The securities were offered pursuant to the Company’s registration statement on Form S-1 (File No. 333-269438), which was declared effective by the United States Securities and Exchange Commission (“SEC”) on May 11, 2023. The offering is being made only by means of a prospectus which is a part of the effective registration statement. A final prospectus relating to the offering will be filed with the SEC and will be available on the SEC’s website at www.sec.gov.

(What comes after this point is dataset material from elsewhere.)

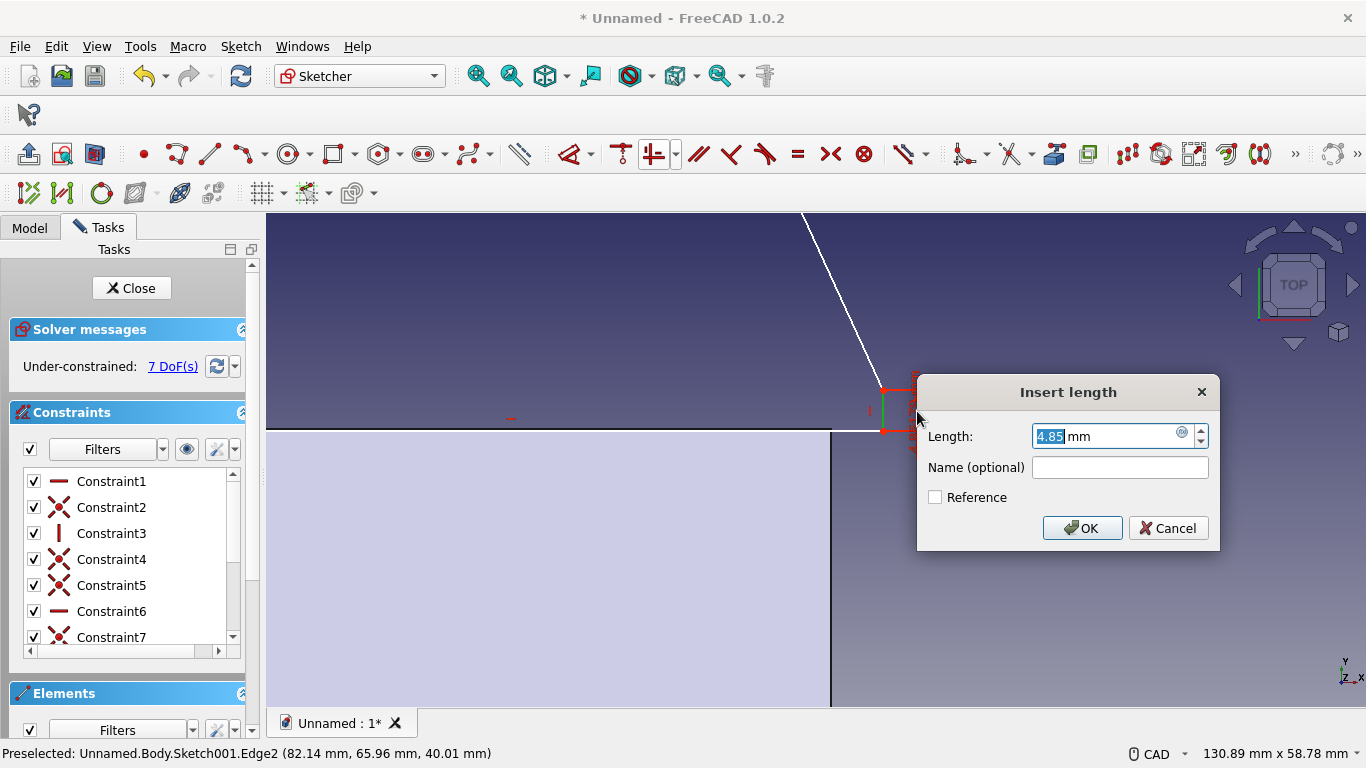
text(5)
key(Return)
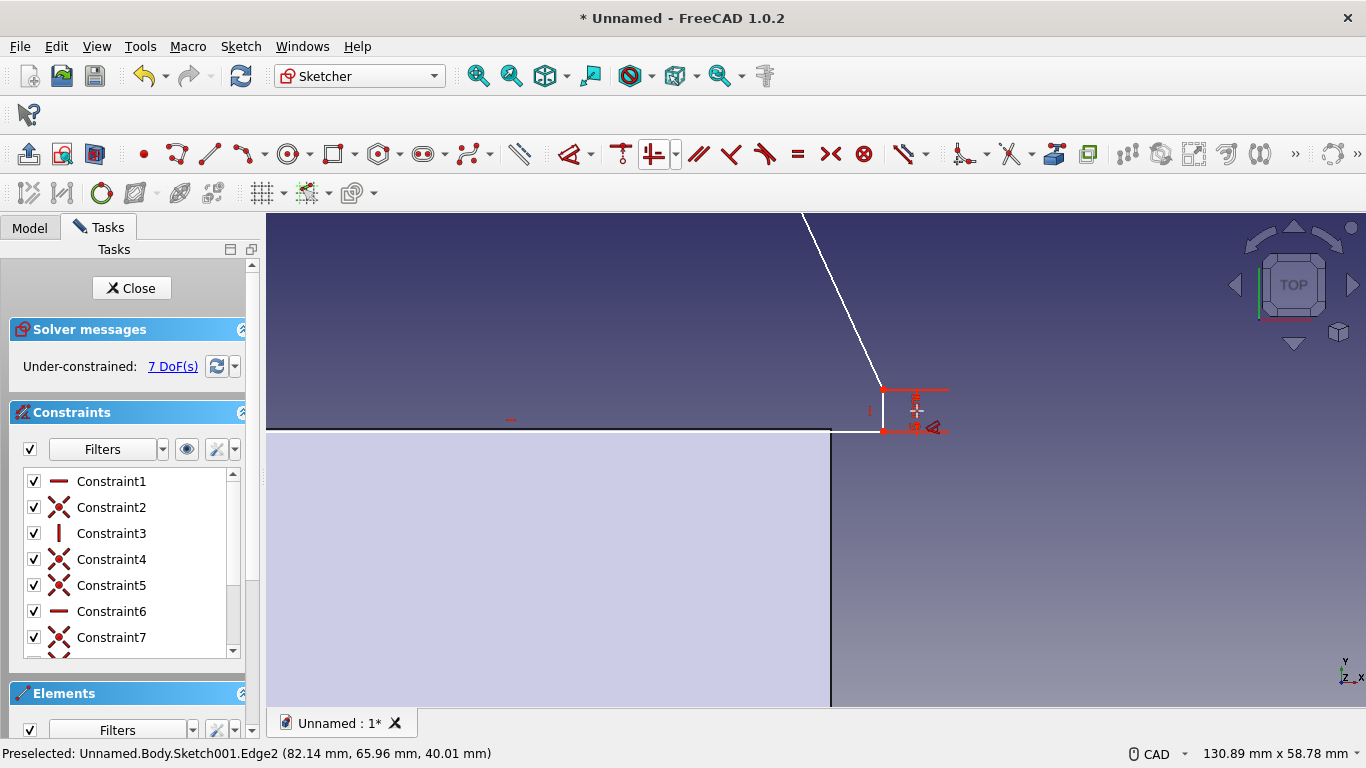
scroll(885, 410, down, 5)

Electronic copies of the final prospectus may be obtained, when available, from Joseph Gunnar & Co., LLC, 30 Broad Street, 11th Floor, New York, NY 10004, Attn: Syndicate Department, by phone (212) 440-9600.
16
ITEM 2. MANAGEMENT’S DISCUSSION AND ANALYSIS OF FINANCIAL CONDITION AND RESULTS OF OPERATIONS
The following discussion should be read in conjunction with the attached unaudited condensed consolidated financial statements and notes thereto, and with our audited financial statements and notes thereto for the year ended December 31, 2022 found in the annual report on Form 10-K filed by Assure Holdings Corp. on March 31, 2023 (the “Form 10-K”).
This Quarterly Report contains forward-looking statements, within the meaning of the Private Securities Litigation Reform Act of 1995, Section 27A of the Securities Act of 1933, and Section 21E of the Securities Exchange Act of 1934. All statements other than statements of historical fact included in this Annual Report, including statements regarding the Company’s future financial condition, results of operations, plans, objectives, expectations, future performance, business operations and business prospects, are forward-looking statements and may be identified by the use of words including, but not limited to the following; “may,” “believe,” “will,” “expect,” “project,” “estimate,” “anticipate,” “plan,” “continue,” or the negative thereof or other variations thereon or comparable terminology.
These forward-looking statements are based on our management’s current plans and expectations and are subject to uncertainty and changes in circumstances. We cannot assure you that future developments affecting us will be those that we have anticipated or occur in the manner we expected. Actual results may differ materially from these expectations due to changes in expected future political, legal, economic, business, competition, market and regulatory conditions and other factors and assumptions of management in making such statements, many of which are beyond our control.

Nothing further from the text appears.